● **PROBLEM**
An exact reproduction of the data below is expected, free of images.

----- EXERCISE DATA -----

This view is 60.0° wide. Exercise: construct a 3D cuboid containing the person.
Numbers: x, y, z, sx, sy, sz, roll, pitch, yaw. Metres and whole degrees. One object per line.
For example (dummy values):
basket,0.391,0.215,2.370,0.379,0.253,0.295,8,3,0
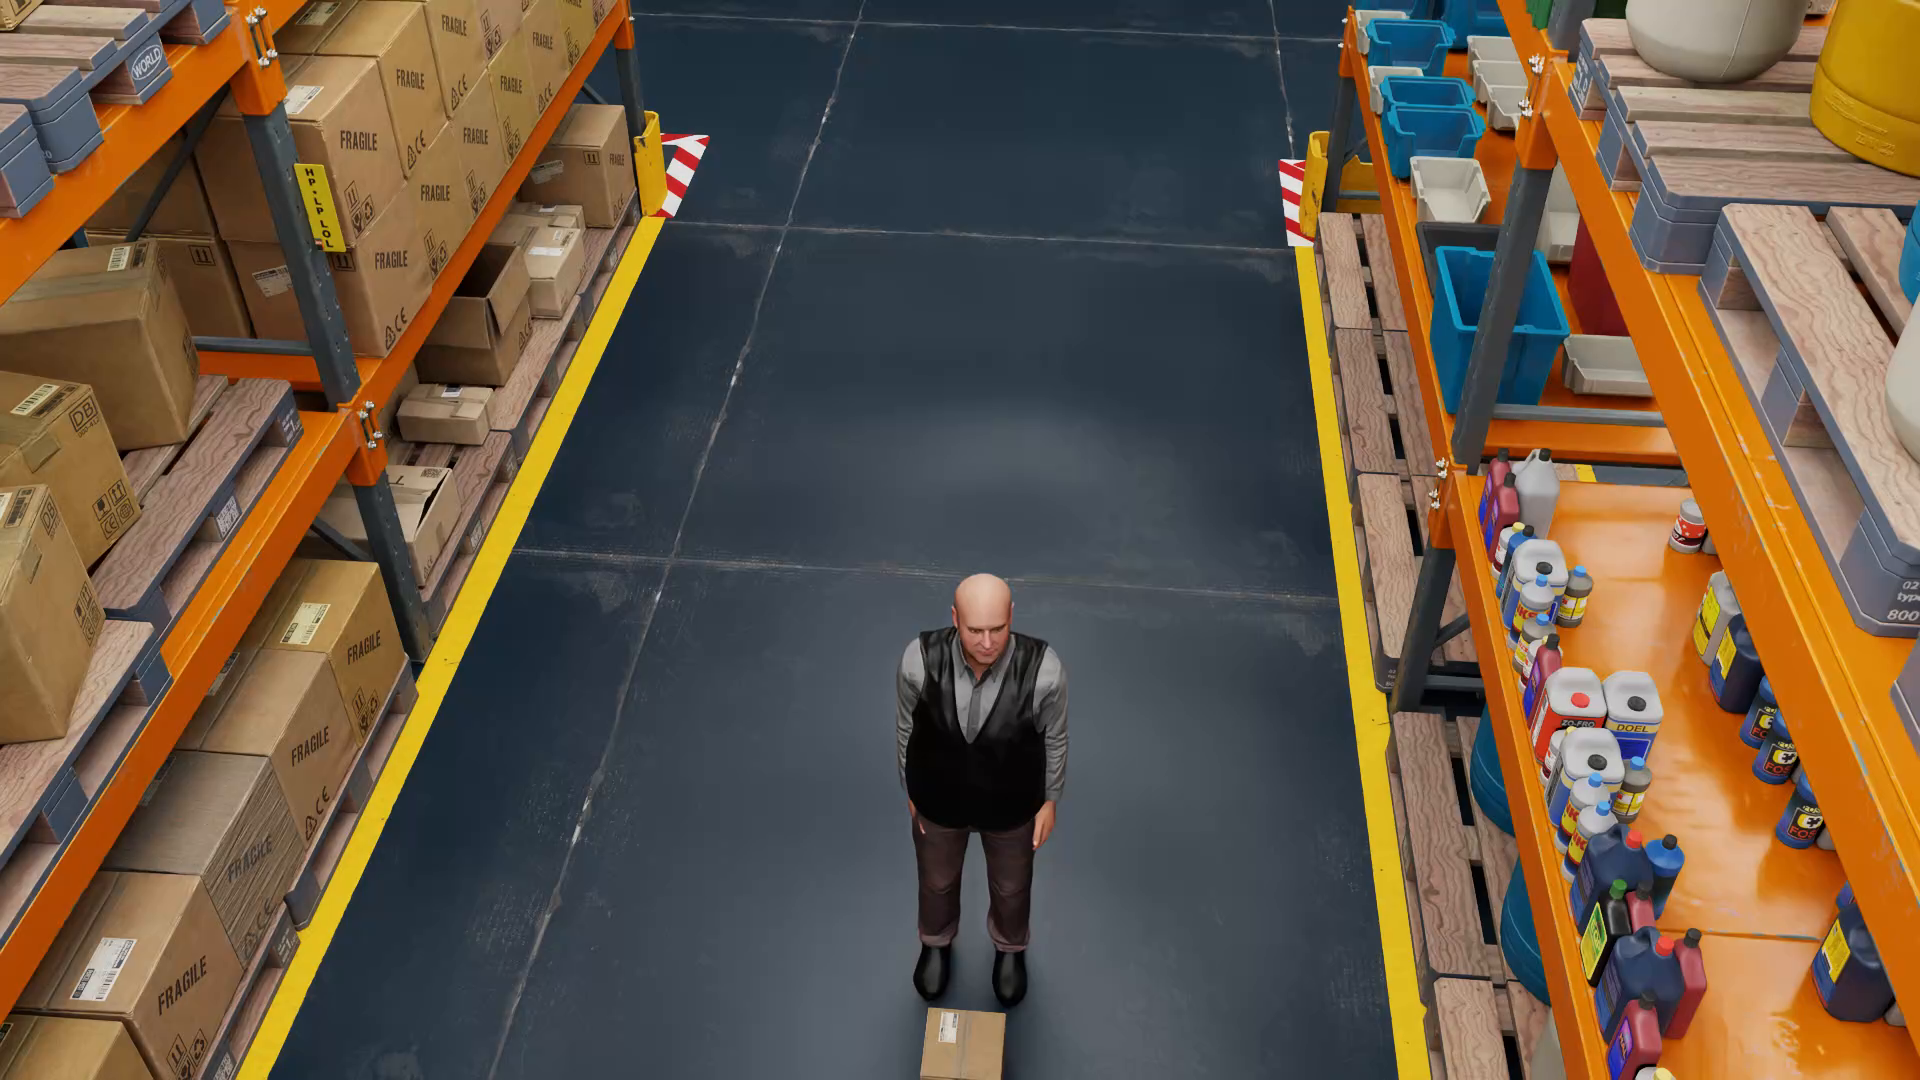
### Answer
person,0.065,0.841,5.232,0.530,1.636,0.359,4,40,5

-----

● **TASK SOLUTION**
This view is 60.0° wide. Exercise: construct a 3D cuboid containing the person.
Numbers: x, y, z, sx, sy, sz, roll, pitch, yaw. Metres and whole degrees. One object per line.
For example (dummy values):
basket,0.391,0.215,2.370,0.379,0.253,0.295,8,3,0
### Answer
person,0.065,0.841,5.232,0.530,1.636,0.359,4,40,5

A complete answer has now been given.